次がサブチーフで、本部の3人が挑戦し、最速踏破者のメンバーが続く。
魔術師のファーズさんの次がアレス君で、最後が私だ。
残念ながらファーズさんまでは、見えない柔らかい膜のようなモノに阻まれて、扉の場所から先には進めなかった。
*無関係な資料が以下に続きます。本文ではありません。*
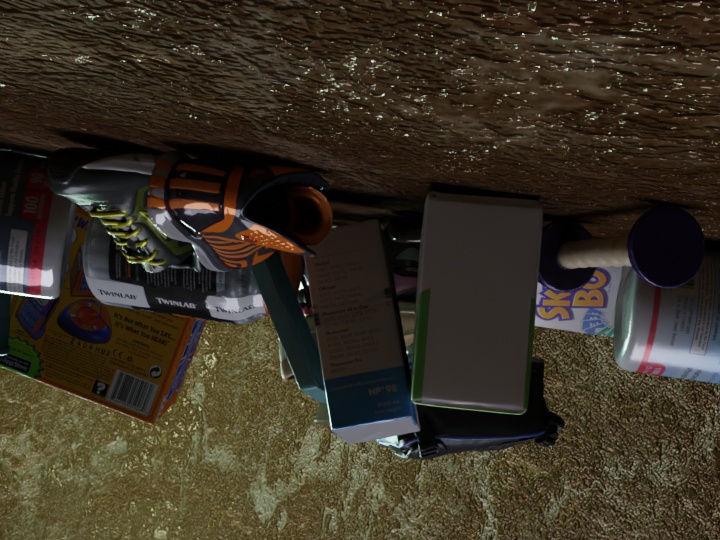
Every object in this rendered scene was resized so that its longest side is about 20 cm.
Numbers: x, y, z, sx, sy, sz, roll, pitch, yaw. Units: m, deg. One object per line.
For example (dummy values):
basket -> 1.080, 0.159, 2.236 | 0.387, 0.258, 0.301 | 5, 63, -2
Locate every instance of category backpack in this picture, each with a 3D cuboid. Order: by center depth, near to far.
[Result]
backpack -> 0.103, 0.132, 1.113 | 0.181, 0.149, 0.200 | -3, 169, -11

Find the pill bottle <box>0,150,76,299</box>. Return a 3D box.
pill bottle -> -0.346, -0.048, 0.841 | 0.198, 0.121, 0.120 | 8, 178, -14

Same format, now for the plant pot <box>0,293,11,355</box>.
plant pot -> -0.451, -0.020, 1.023 | 0.198, 0.190, 0.200 | 7, 178, 0

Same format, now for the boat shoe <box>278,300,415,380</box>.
boat shoe -> 0.011, 0.071, 0.960 | 0.198, 0.065, 0.071 | -10, 163, 29

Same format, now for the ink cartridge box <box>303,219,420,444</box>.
ink cartridge box -> -0.001, 0.035, 0.832 | 0.066, 0.202, 0.116 | -11, 165, 4

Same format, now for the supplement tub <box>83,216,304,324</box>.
supplement tub -> -0.163, -0.014, 0.999 | 0.198, 0.124, 0.123 | 8, 178, 11

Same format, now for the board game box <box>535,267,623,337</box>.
board game box -> 0.212, 0.016, 0.915 | 0.198, 0.096, 0.030 | 10, -139, -8

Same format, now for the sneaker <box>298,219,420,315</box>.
sneaker -> 0.000, 0.000, 1.013 | 0.078, 0.097, 0.199 | 5, 166, -36

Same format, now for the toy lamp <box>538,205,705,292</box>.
toy lamp -> 0.168, -0.012, 0.715 | 0.058, 0.059, 0.200 | 8, 176, -10

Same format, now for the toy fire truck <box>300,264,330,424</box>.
toy fire truck -> -0.020, 0.073, 1.189 | 0.128, 0.202, 0.176 | -24, -172, -18

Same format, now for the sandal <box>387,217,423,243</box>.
sandal -> 0.114, -0.011, 0.937 | 0.198, 0.055, 0.081 | 10, 177, -29

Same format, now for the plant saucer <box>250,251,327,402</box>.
plant saucer -> -0.071, 0.024, 0.878 | 0.019, 0.201, 0.070 | -26, 157, 6

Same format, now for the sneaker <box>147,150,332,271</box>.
sneaker -> -0.069, -0.034, 0.744 | 0.111, 0.078, 0.200 | 8, 178, 15

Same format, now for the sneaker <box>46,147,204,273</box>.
sneaker -> -0.163, -0.042, 0.768 | 0.074, 0.086, 0.200 | 6, 177, 26

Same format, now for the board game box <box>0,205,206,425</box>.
board game box -> -0.290, 0.041, 1.202 | 0.198, 0.202, 0.200 | 21, -179, -2

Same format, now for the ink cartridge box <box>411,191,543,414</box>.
ink cartridge box -> 0.084, 0.026, 0.771 | 0.083, 0.147, 0.200 | 4, 177, 3

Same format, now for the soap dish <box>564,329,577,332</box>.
soap dish -> 0.177, 0.018, 1.096 | 0.156, 0.082, 0.200 | 8, 179, 6

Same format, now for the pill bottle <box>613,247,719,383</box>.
pill bottle -> 0.314, 0.040, 0.814 | 0.198, 0.110, 0.109 | 8, 178, 8

押しても叩いても先に進めず、試しに剣をそっと刺そうとしたリーダーは、剣が膜に触れた途端、ビリビリと痺れるような刺激が体を駆け抜け、バタンと後ろに倒れてしまった。
『聖なる者が剣を使う訳がなかろう。無茶をしよるわ』
「リーダー、サーク爺が聖なる者は剣なんか使わないって!
この先が聖なる地に繋がっているなら、先に進める聖なる者って、きっと今の時代の神父様とか神官だよ。物騒なことは止めてね」
私は半分呆れ、半分リーダーの体を心配して注意する。
驚きと痛みで倒れたけど、リーダーは意識を失うことはなかった。
困惑顔で立ち上がったリーダーを見て、皆は安堵の息を吐いた。
そして超古代の遺跡の仕掛けに、皆は恐怖し文明の違いを実感する。
「アレス君、先に私が行くよ。今、罠が発動したし、もしもアレス君が通れたら、この先は真っ暗かもしれない。それは怖いでしょう? 私が通れたら、明りを灯しておくから」
「分かった。任せるよ」
アレス君が頷くのを見て、私は勇気を振り絞って開かれた扉の前に立つ。
右手を伸ばし、膜があるであろう場所をそっと触って、軽く魔力を流しながら押してみる。
すると指先が、見えないその先へスッと入った。
「アレス君、膜に軽く魔力を流したら通れるかもしれないよ」
アレス君に通り抜ける方法を教え、私は覚悟を決めて右手の次に体を進めていく。
気付けば体は扉を通り抜けたようで、視界の先に薄っすらと階段が見えた。
よく見ると、光り苔のような植物が、辺りをぼんやりと照らしている。
私は意識して、強過ぎないよう魔力を抑えて魔核の杖で明りを灯す。